Endo International (Endo) is a specialty healthcare company that develops, manufactures and commercializes various branded pharmaceuticals, generic pharmaceuticals, sterile injectables and other products through its operating companies. It sells generic products in the US in various categories including urology, pain management, central nervous system (CNS) disorders, immunosuppression, cancer, cardiovascular diseases and women’s health. The company offers branded pharmaceuticals for conditions related to urology, orthopedics, endocrine disorders and pain management. Endo also provides over-the-counter (OTC) products, which include dermatological products and anti-infectives. The company sells its products through independent wholesale distributors to retailers, government agencies, doctors, clinics, independent retail and specialty pharmacies and independent specialty distributors. Endo is headquartered in Dublin, Ireland.

The company reported revenues of (US Dollars) US$2,993.2 million for the fiscal year ended December 2021 (FY2021), an increase of 3.1% over FY2020. In FY2021, the company’s operating margin was 0.1%, compared to an operating margin of 17.3% in FY2020. The net loss of the company was US$613.3 million in FY2021, compared to a net profit of US$183.9 million in FY2020. The company reported revenues of US$541.7 million for the third quarter ended September 2022, a decrease of 4.8% over the previous quarter.

Quick View – Testosterone undecanoate

Report Segments
  • Innovator (Non-NME)
Drug Name
  • Testosterone undecanoate
Administration Pathway
  • Intramuscular
Therapeutic Areas
  • Male Health
Key Companies
Highest Development Stage
  • Marketed

GlobalData, the leading provider of industry intelligence, provided the underlying data, research, and analysis used to produce this article.

To create this model, GlobalData takes into account factors including patent law, known and projected regulatory approval processes, cash flows, potential applicable patients, drug margins, company expenses, and pricing estimates. Combining these data points with GlobalData’s world class analysis creates high value models that companies can use to help in evaluation processes for each drug or company.

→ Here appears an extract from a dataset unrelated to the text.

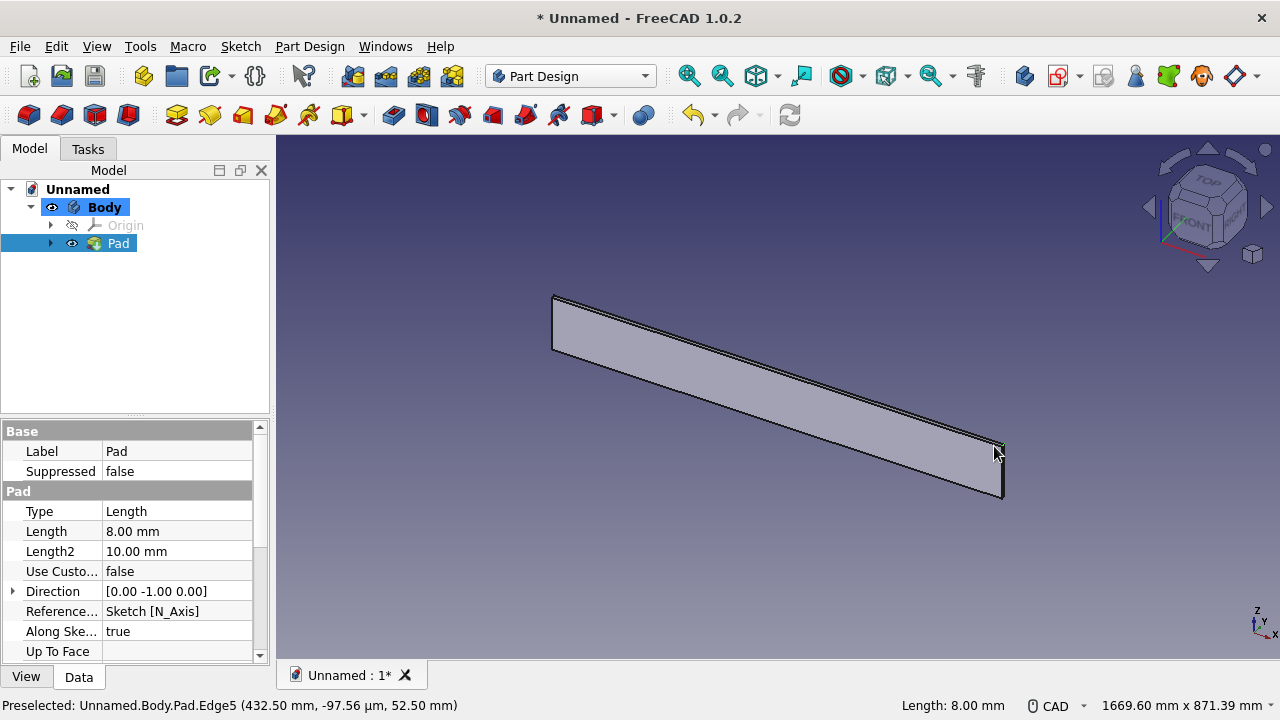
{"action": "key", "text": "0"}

The rNPV method integrates the probability of a drug reaching a clinical stage into the cash flow at that time, which provides a more accurate rNPV, as it considers the probability that the drug never makes it through the clinical pathway to commercialization. GlobalData’s rNPV model uses proprietary likelihood of approval (LoA)and phase transition success rate(PTSR) data for the indication in the highest development stage, which can be found on GlobalData’s Pharmaceutical Intelligence Center.